I am humbled by the people who chose to share their stories and support here in the comments, and on twitter, and by email. It is more appreciated than you know.

I think the thing is – for me, anyway – so much of parenting is done in isolation. So I don’t have a basis for comparison, but I do have a fear of not being able to overcome my anger.

I was an angry, angry teenager. Most of the anger was directed at my father, but my mother got her fair share as well. As time went on – and especially after coming out and finding a community of loving, fun people at university – the anger slowly dissipated. Even my craziness over relationships (another entry, trust me) lessened, though I think my wife would be the first to tell you I was still suffering from trust issues when we got together.

She is a big reason why I am who I am. I know how that sounds, and I know I did a lot of the work and healing myself, but the truth remains: TMD has placed an indelible mark on my heart. She has gently taught me about love and trust and building a life together, and my blueprints of family and relationships and love have been forever altered because of her. She is not my rock, she is my stretchy, elastic, soft place that shapes to me and shapes me and is shaped by me.

So, anyway. Back to you.

Hearing your words has reminded me that I’m not the only parent to ever lose her cool. That we all have decisions to make about how we raise our children – and most of our decisions are ones I have loved and can see the benefit to my children. Snort was left whole and intact, Snort and Coconut sleep together and beside TMD and have never been left to cry in any situation – day or night, they were breastfed with love and my gigantic boobs and when that failed, they were held and cuddled during bottle feeds.

But more than any of those things I could say I am – bottle feeding lactivist (!), intactivist, attachment parenting person, natural mama – the things that somehow seem to matter the most are that I am willing to examine and explore myself. That means admitting to my mistakes and learning from them. I apologize to my children when it needs to be said, and I don’t hesitate to do so.

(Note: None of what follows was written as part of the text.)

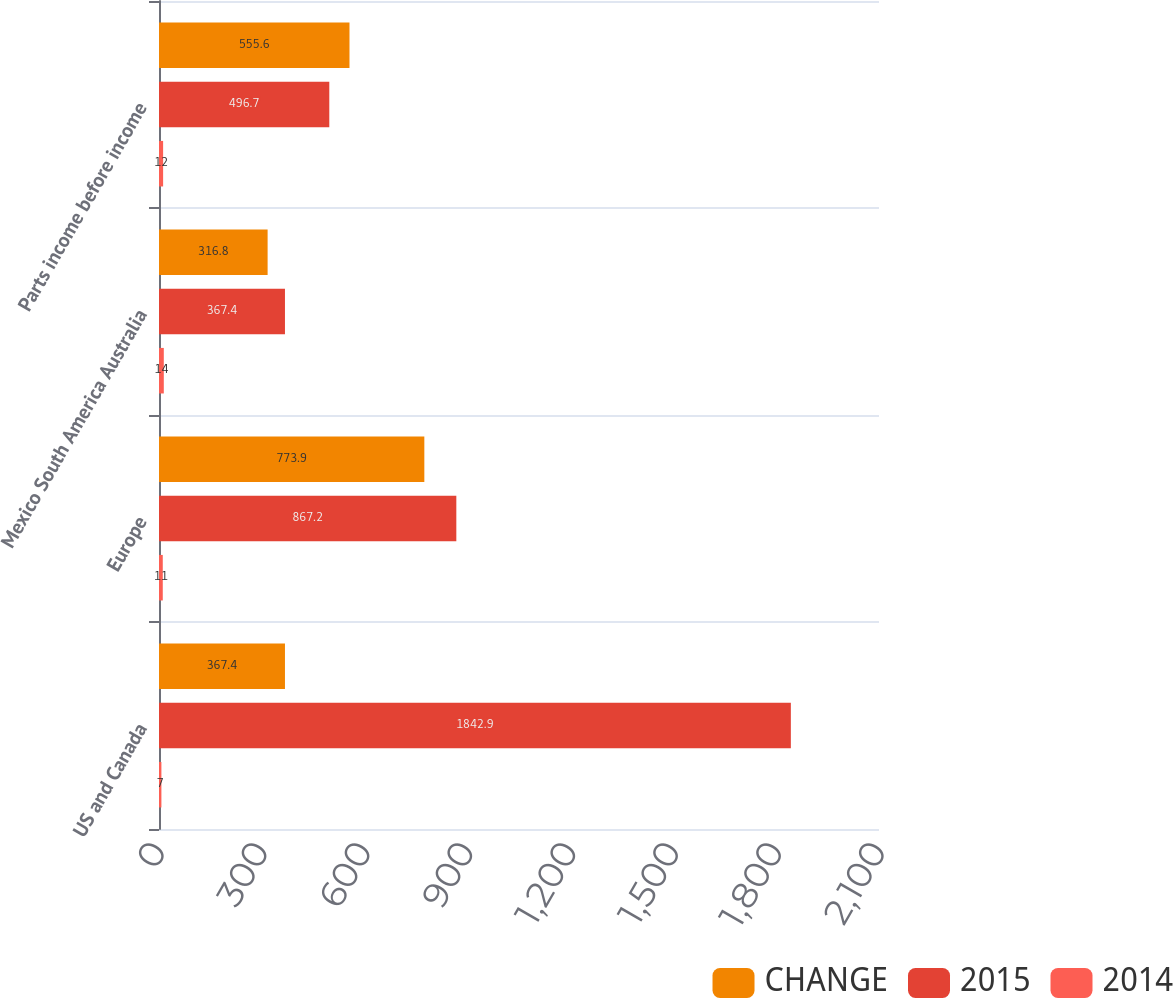Convert chart to OTSL. <chart><loc_0><loc_0><loc_500><loc_500><stacked_bar_chart><ecel><fcel>US and Canada<fcel>Europe<fcel>Mexico South America Australia<fcel>Parts income before income<nl><fcel>CHANGE<fcel>367.4<fcel>773.9<fcel>316.8<fcel>555.6<nl><fcel>2015<fcel>1842.9<fcel>867.2<fcel>367.4<fcel>496.7<nl><fcel>2014<fcel>7<fcel>11<fcel>14<fcel>12<nl></chart>

I love them fully and to the best of my ability, and as they enter this new phase of toddlerhood and testing boundaries, the new gift they give me is the chance to figure out discipline without it triggering anything for me. I want to redirect, re-engage, and renew my commitment to being a ‘good enough’ mother.

Because I am full up of imperfection, and somehow none of that matters. How could I learn, how could my children learn, if I was perfect and had nothing to model for them?

So: thank you.

Thank you reader, commenters, friends.  Thank you, TMD, for sharing our life and family and really making it something we are proud of. Thank you to myself – and all that comes with it – for not giving up.

Ever.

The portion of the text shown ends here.